In what some are calling a victory for religious freedom, elementary schooler Lydia Booth, 11, will now be allowed to wear her “Jesus Loves Me” face mask to school if she chooses.
Following two years of legal proceedings, a settlement has been reached between the Simpson County School District in Mississippi and the attorneys representing Lydia.
“No student should be singled out for peacefully expressing her religious beliefs,” Tyson Langhofer, Alliance Defending Freedom senior counsel, said in a statement Wednesday.
Alliance Defending Freedom, a Christian legal-aid organization, filed a lawsuit against the Simpson County School District in 2020 on behalf of Lydia, who was 9 at the time, after school district officials told the child she could not wear her “Jesus Loves Me” mask to school.
In the middle of the COVID-19 pandemic in the fall of 2020, Lydia came home and told her mom that she was not allowed to wear her “Jesus Loves Me” face mask anymore, despite having worn it to school before without issue.
Her mother, Jennifer Booth, explained to The Daily Signal, during a previous podcast interview, that she assumed the teacher who spoke to her daughter must have been having a bad day and sent Lydia back to school with the “Jesus Loves Me” mask.
“The principal calls me, and she’s like, ‘We’re going to have to have Lydia swap her mask out,’” Booth recounted, adding that the principal said it was against school policy “to have religious symbols or gestures on her mask.” But upon inspecting the school handbook, Booth says, the only prohibitions the principal could point to referred to “drug culture, profanity, [and] obscenities.”
Booth continued to contact leaders of the Simpson County School District, about 40 miles south of Jackson, Miss., asking for an explanation as to why her daughter was not allowed to wear her “Jesus” mask to school. The mother was eventually told that the school district’s COVID-19 policy prevents religious symbols or words on masks.
A copy of the policy was sent to Booth, but upon investigation, she discovered that the COVID-19 policy she received had been modified less than an hour before it was emailed to her to include language barring students from wearing masks expressing religious views.
Booth chose to take legal action against the school district because “this year is the mask; next year is the T-shirt. Eventually, you can’t say Jesus’ name in school.”
The Mississippi school district has agreed in the settlement to “retract its previous restriction on masks that have ‘political’ or ‘religious’ content and will allow Lydia to wear her ‘Jesus Loves Me’ face mask to school if she chooses to do so,” Alliance Defending Freedom said in a statement Wednesday.
“Public schools have no business discriminating against a 9-year-old for her religious expression,” Michael Ross, Alliance Defending Freedom legal counsel, said in a statement.
“Other students within the school district have freely worn masks with the logos of local sports teams or even the words ‘Black Lives Matter.’ Lydia deserves, and will now have, an equal opportunity to peacefully express her beliefs,” Ross said.
The Simpson County School District did not respond to The Daily Signal’s request for comment.

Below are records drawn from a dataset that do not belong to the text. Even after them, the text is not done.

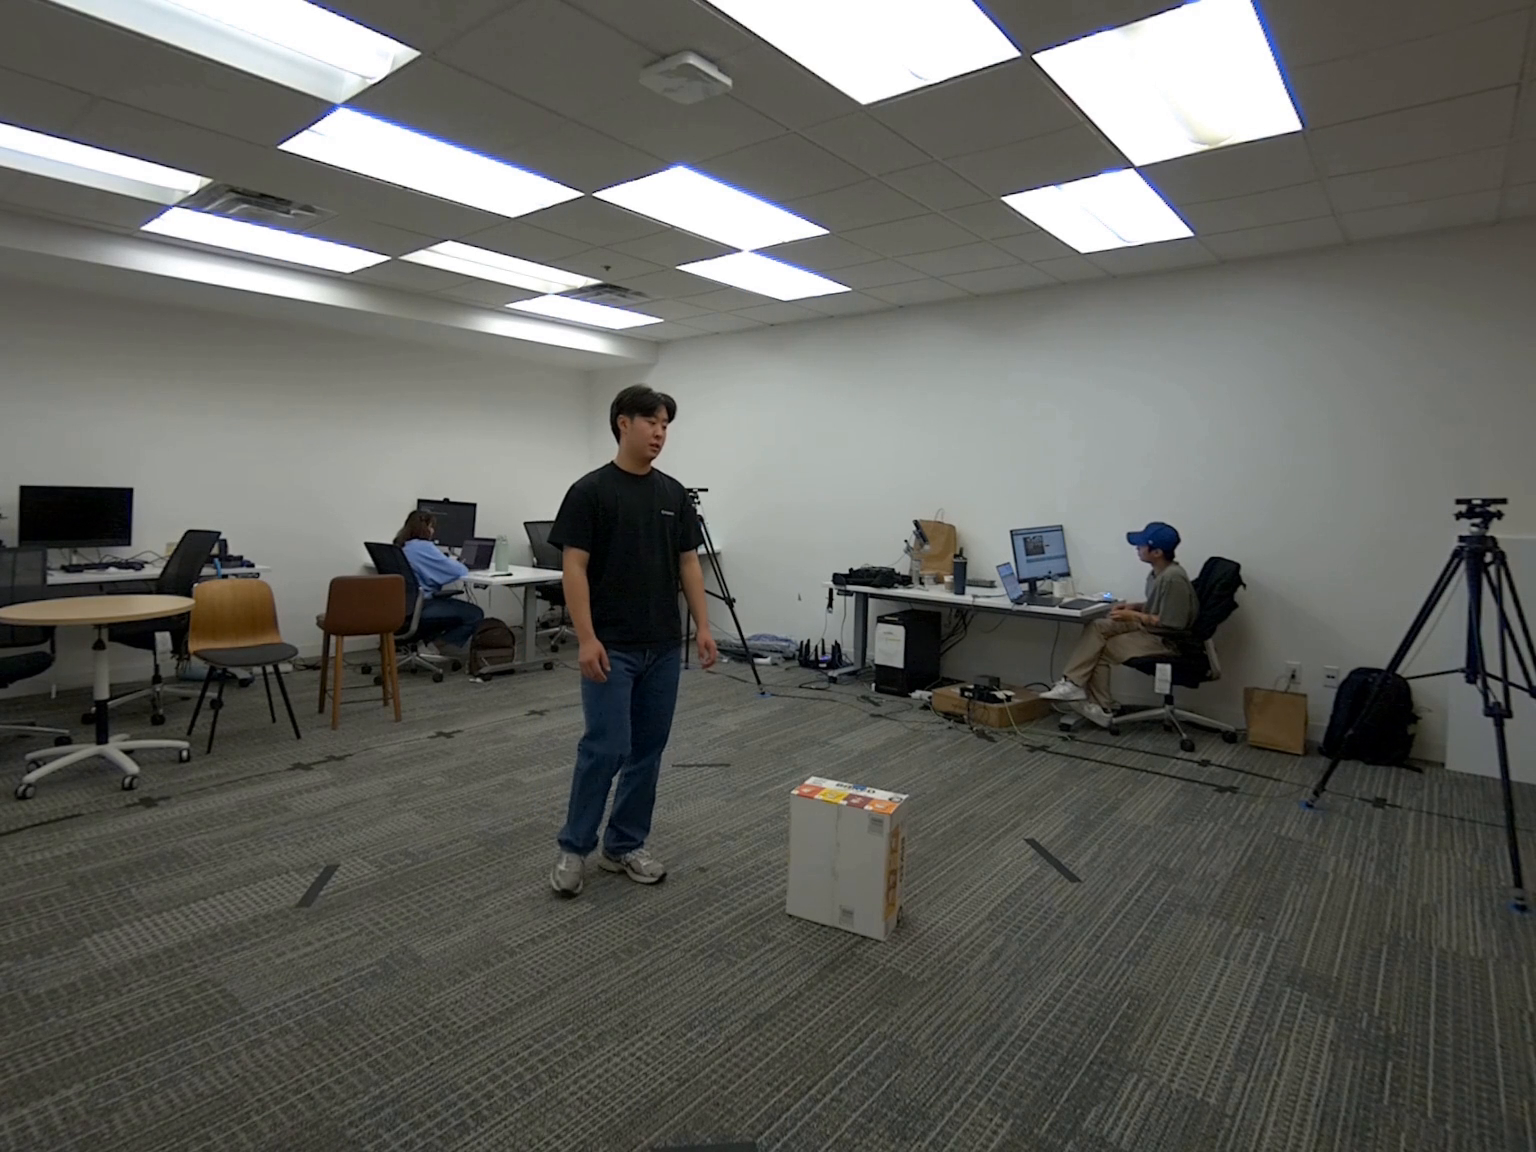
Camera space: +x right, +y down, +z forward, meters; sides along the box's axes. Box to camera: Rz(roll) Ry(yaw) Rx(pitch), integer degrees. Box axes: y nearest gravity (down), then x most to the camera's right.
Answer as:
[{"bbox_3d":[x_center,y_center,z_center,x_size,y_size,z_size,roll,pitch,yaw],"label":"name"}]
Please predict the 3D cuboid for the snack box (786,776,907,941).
[{"bbox_3d":[0.252,0.908,2.783,0.350,0.404,0.200,3,3,27],"label":"snack box"}]
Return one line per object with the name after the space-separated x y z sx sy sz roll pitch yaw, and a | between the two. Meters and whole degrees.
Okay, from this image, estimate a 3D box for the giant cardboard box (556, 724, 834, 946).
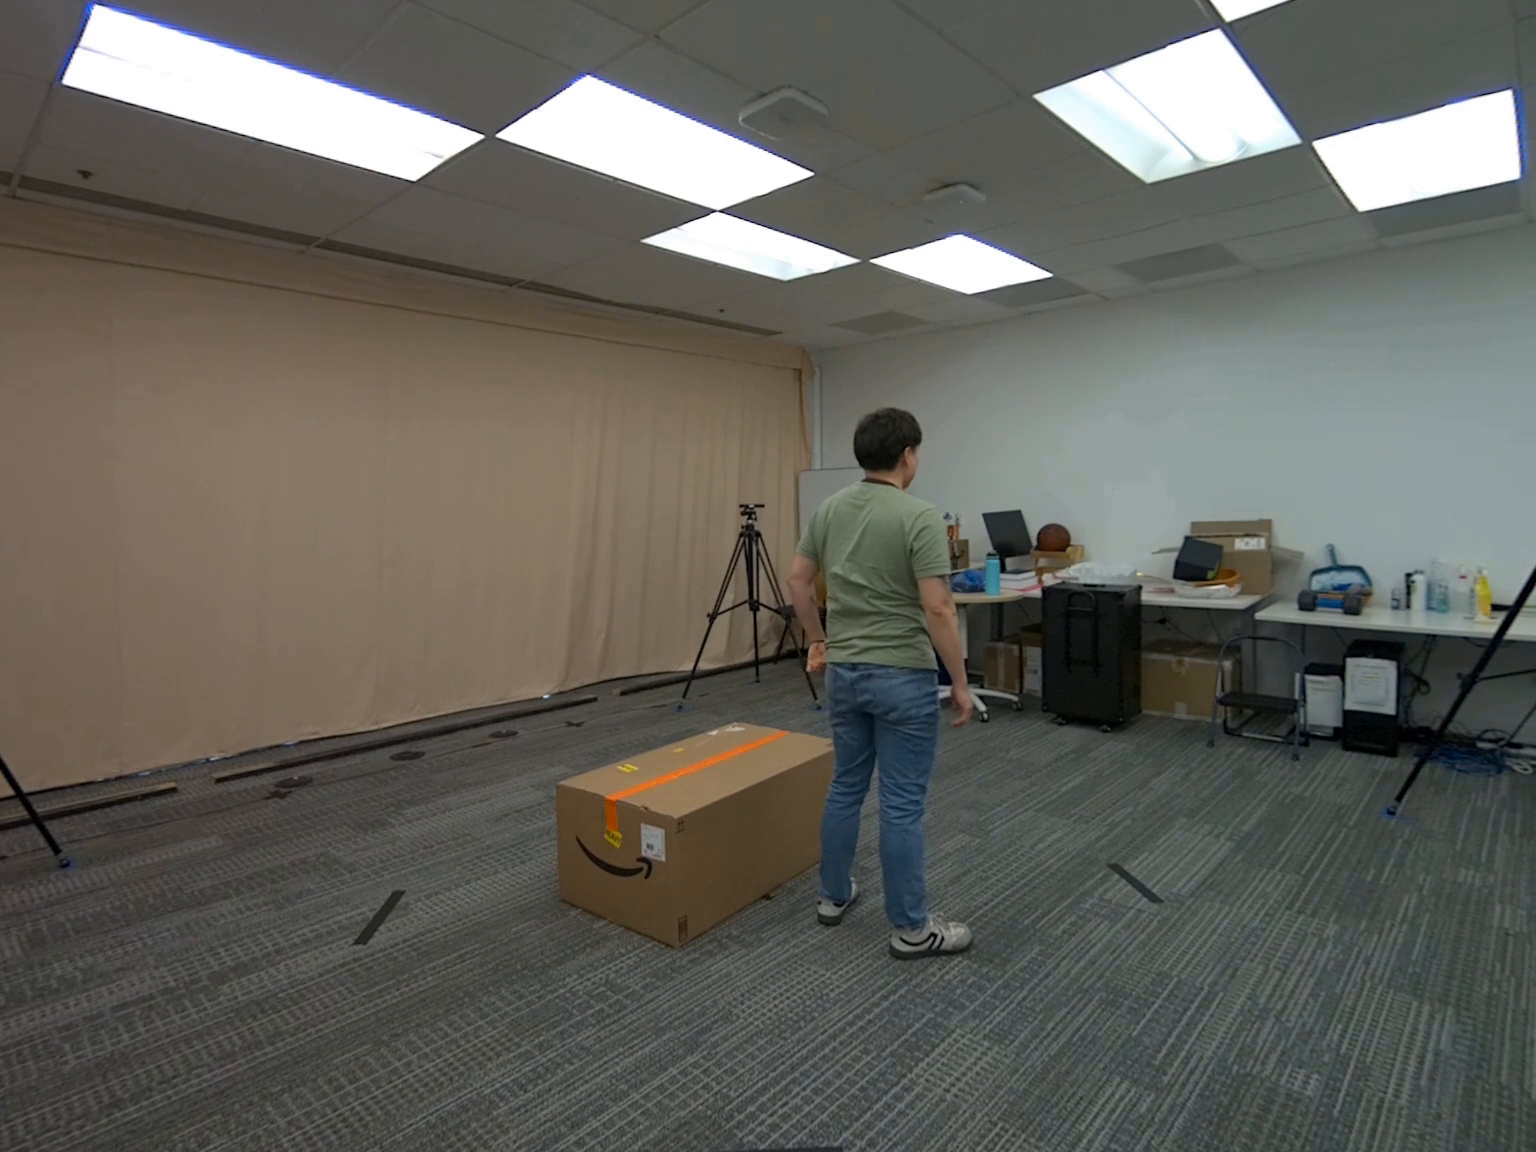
-0.215 0.913 3.201 0.596 0.425 0.996 1 5 38 | giant cardboard box
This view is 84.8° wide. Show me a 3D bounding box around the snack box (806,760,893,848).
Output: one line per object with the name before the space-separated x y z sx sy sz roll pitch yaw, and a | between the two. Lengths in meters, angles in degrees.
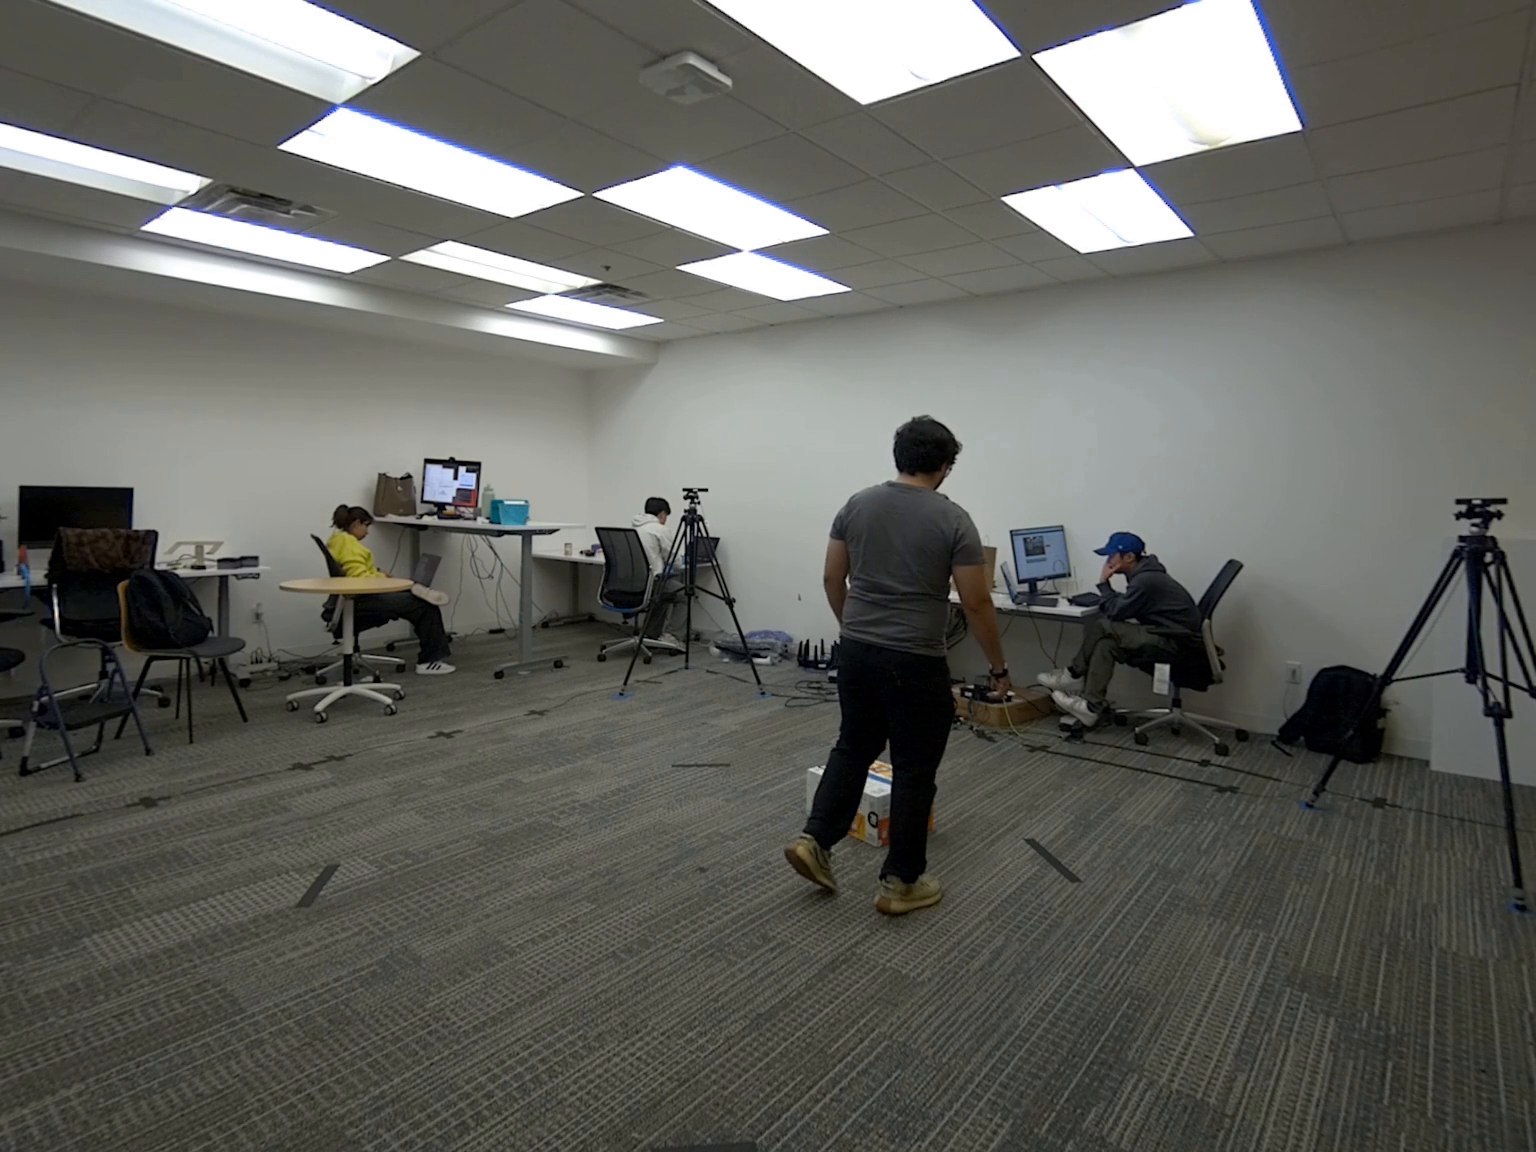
snack box | 0.418 0.932 3.586 0.330 0.205 0.419 -3 7 -39

“It is a long-standing principle that students do not surrender their First Amendment rights at the schoolhouse doors—and the Supreme Court has so held,” Sarah Parshall Perry, a senior legal fellow with the Center for Legal and Judicial Studies at The Heritage Foundation, told The Daily Signal. (The Daily Signal is the news outlet of The Heritage Foundation.)
“Thankfully, the Simpson County School District has agreed to change its patently unconstitutional speech policy, but only after a federal lawsuit was filed,” Perry said. “Schools would do well to remember the constitutional rights of students cannot be simply suspended—during a pandemic or otherwise.”
In light of the settlement agreement, Alliance Defending Freedom has asked the U.S. District Court for the Southern District of Mississippi to dismiss the lawsuit.
“Today’s students will be tomorrow’s legislators, judges, educators, and voters,” Langhofer said. “That’s why it’s so important that public schools demonstrate the First Amendment values they are supposed to be teaching to students.”